4) What About Guantánamo Detainees?
Finally, it is worth considering what the Agreement might mean for obligations pertaining to the end of armed conflict. Just Security readers will recall several posts (see here, here, and here) prompted by the United States’ end of Afghanistan combat operations in 2015. A number of theories exist as to when non-international armed conflicts (NIACs) conclude, including when the criteria used to establish the initial existence of a NIAC are no longer present, when combat operations expire, when a resumption of hostilities is no longer probable, or (less commonly) when a peace settlement is reached (see the International Criminal Court Trial Chamber Judgment in Prosecutor v. Bemba). Afghanistan presents a tricky situation requiring the parsing of what arguably are (or have been) several different armed conflicts involving different players (the Taliban, Al-Qaeda, Afghan government, etc.). If the U.S. adheres to the terms of the Agreement and withdraws its forces, that may well mark the end of its participation in armed conflict against the Taliban and potentially (though less clearly) Al-Qaeda in Afghanistan.

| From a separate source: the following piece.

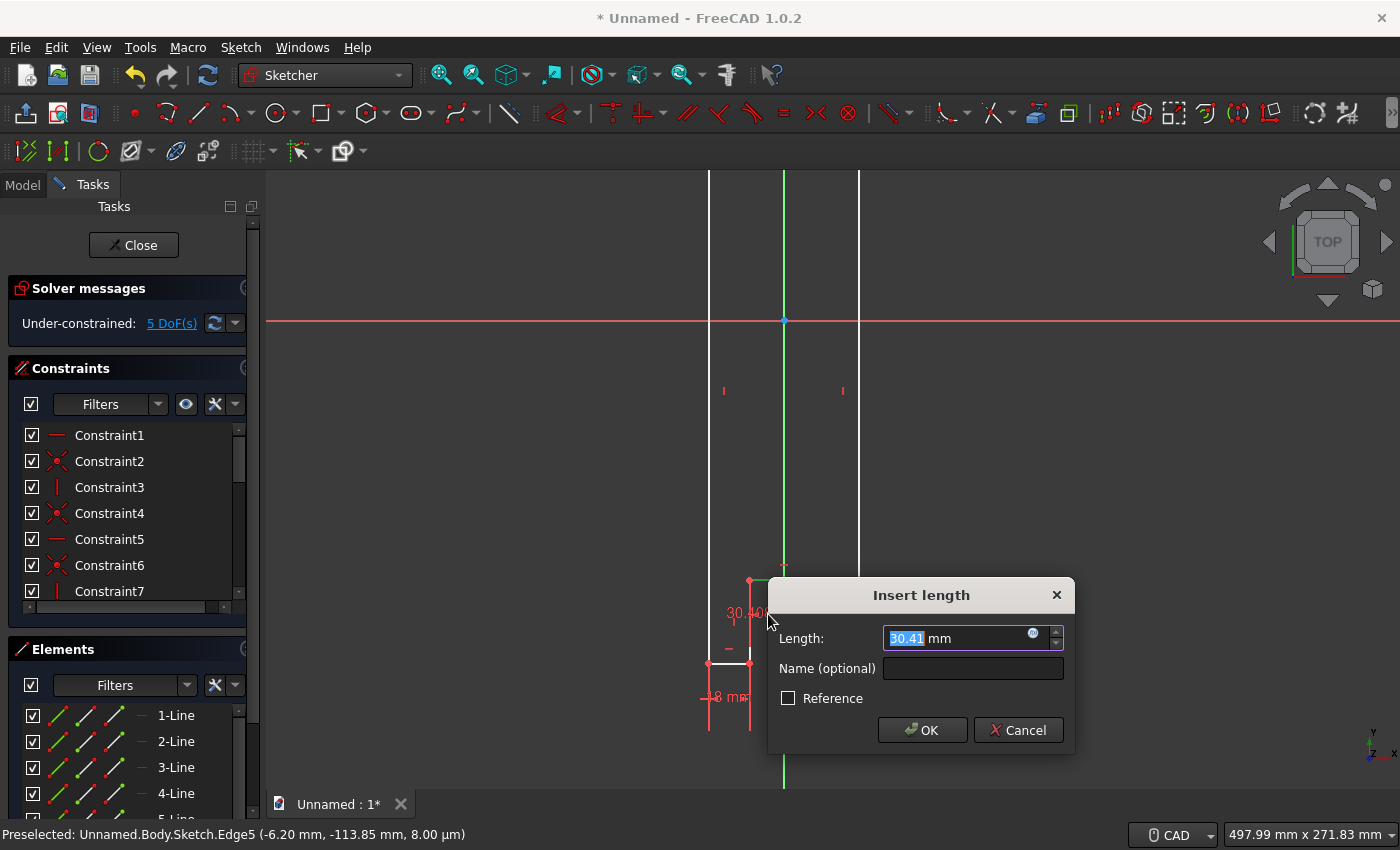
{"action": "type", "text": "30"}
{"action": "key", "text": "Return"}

In need of revisiting as the Afghanistan process unfolds is the obligation to release detained persons at the end of “active hostilities,” a point recognized with respect to Guantánamo detentions by a plurality of the Supreme Court in Hamdi v. Rumsfeld. Though the conclusion of a peace agreement is by no means required to conclude that active hostilities have ended, it may well be probative of such an ending, particularly where such agreement calls for severe drawdowns and withdrawal. Even if the relevant armed conflict in Afghanistan (or globally) is found to be ongoing, the question of whether that conflict is the same conflict during which some detainees were captured also deserves a fresh look, as does the acceptability of maintaining detentions based solely on ongoing armed conflicts against Al-Qaeda in other parts of the world (in contrast to a “case-by-case” approach). Further, some countries (for example, Canada) emphasize the expiration of detention authority “as soon as the reasons which necessitated internment cease to exist,” a view not developed in governing Guantánamo-related case law. U.N. human rights bodies, meanwhile, stress the unlawfulness of Guantánamo detentions as arbitrary and indefinite.
In short, limiting possibilities exist, and nearly all begin by taking the facts and the duration of each detention seriously.
The Agreement with the Taliban leaves unresolved important aspects of how the United States will wind-down its security operations in Afghanistan. As the process is said to unfold in parts, it is critical that the United States pursue clearer terms going forward with all sides — including Afghanistan — that make certain each side’s commitments, and how they are to be enforced.